Provided material START
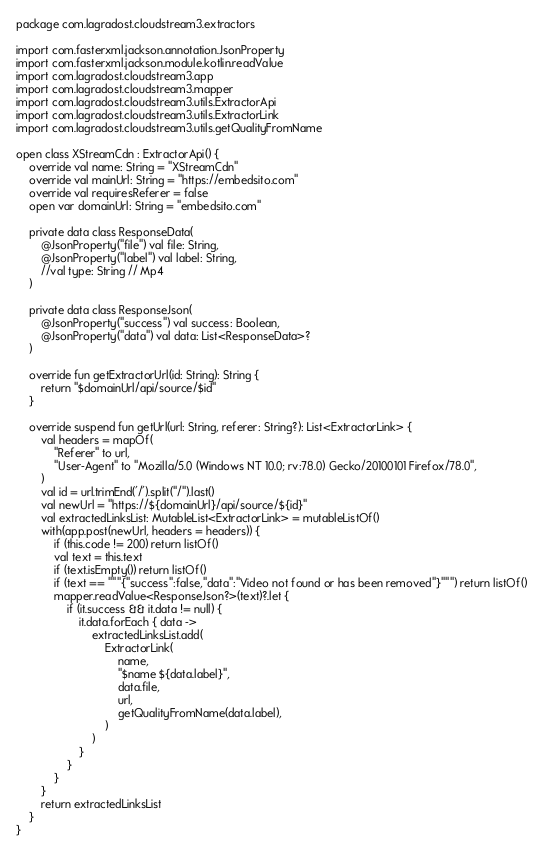Convert code to text. <code><loc_0><loc_0><loc_500><loc_500><_Kotlin_>package com.lagradost.cloudstream3.extractors

import com.fasterxml.jackson.annotation.JsonProperty
import com.fasterxml.jackson.module.kotlin.readValue
import com.lagradost.cloudstream3.app
import com.lagradost.cloudstream3.mapper
import com.lagradost.cloudstream3.utils.ExtractorApi
import com.lagradost.cloudstream3.utils.ExtractorLink
import com.lagradost.cloudstream3.utils.getQualityFromName

open class XStreamCdn : ExtractorApi() {
    override val name: String = "XStreamCdn"
    override val mainUrl: String = "https://embedsito.com"
    override val requiresReferer = false
    open var domainUrl: String = "embedsito.com"

    private data class ResponseData(
        @JsonProperty("file") val file: String,
        @JsonProperty("label") val label: String,
        //val type: String // Mp4
    )

    private data class ResponseJson(
        @JsonProperty("success") val success: Boolean,
        @JsonProperty("data") val data: List<ResponseData>?
    )

    override fun getExtractorUrl(id: String): String {
        return "$domainUrl/api/source/$id"
    }

    override suspend fun getUrl(url: String, referer: String?): List<ExtractorLink> {
        val headers = mapOf(
            "Referer" to url,
            "User-Agent" to "Mozilla/5.0 (Windows NT 10.0; rv:78.0) Gecko/20100101 Firefox/78.0",
        )
        val id = url.trimEnd('/').split("/").last()
        val newUrl = "https://${domainUrl}/api/source/${id}"
        val extractedLinksList: MutableList<ExtractorLink> = mutableListOf()
        with(app.post(newUrl, headers = headers)) {
            if (this.code != 200) return listOf()
            val text = this.text
            if (text.isEmpty()) return listOf()
            if (text == """{"success":false,"data":"Video not found or has been removed"}""") return listOf()
            mapper.readValue<ResponseJson?>(text)?.let {
                if (it.success && it.data != null) {
                    it.data.forEach { data ->
                        extractedLinksList.add(
                            ExtractorLink(
                                name,
                                "$name ${data.label}",
                                data.file,
                                url,
                                getQualityFromName(data.label),
                            )
                        )
                    }
                }
            }
        }
        return extractedLinksList
    }
}</code>
Provided material END
What to work on → Without any picture, return exactly the lines of the records above from the first through the line that contains "import com.lagradost.cloudstream3.mapper".

Written reply →
Convert code to text. <code><loc_0><loc_0><loc_500><loc_500><_Kotlin_>package com.lagradost.cloudstream3.extractors

import com.fasterxml.jackson.annotation.JsonProperty
import com.fasterxml.jackson.module.kotlin.readValue
import com.lagradost.cloudstream3.app
import com.lagradost.cloudstream3.mapper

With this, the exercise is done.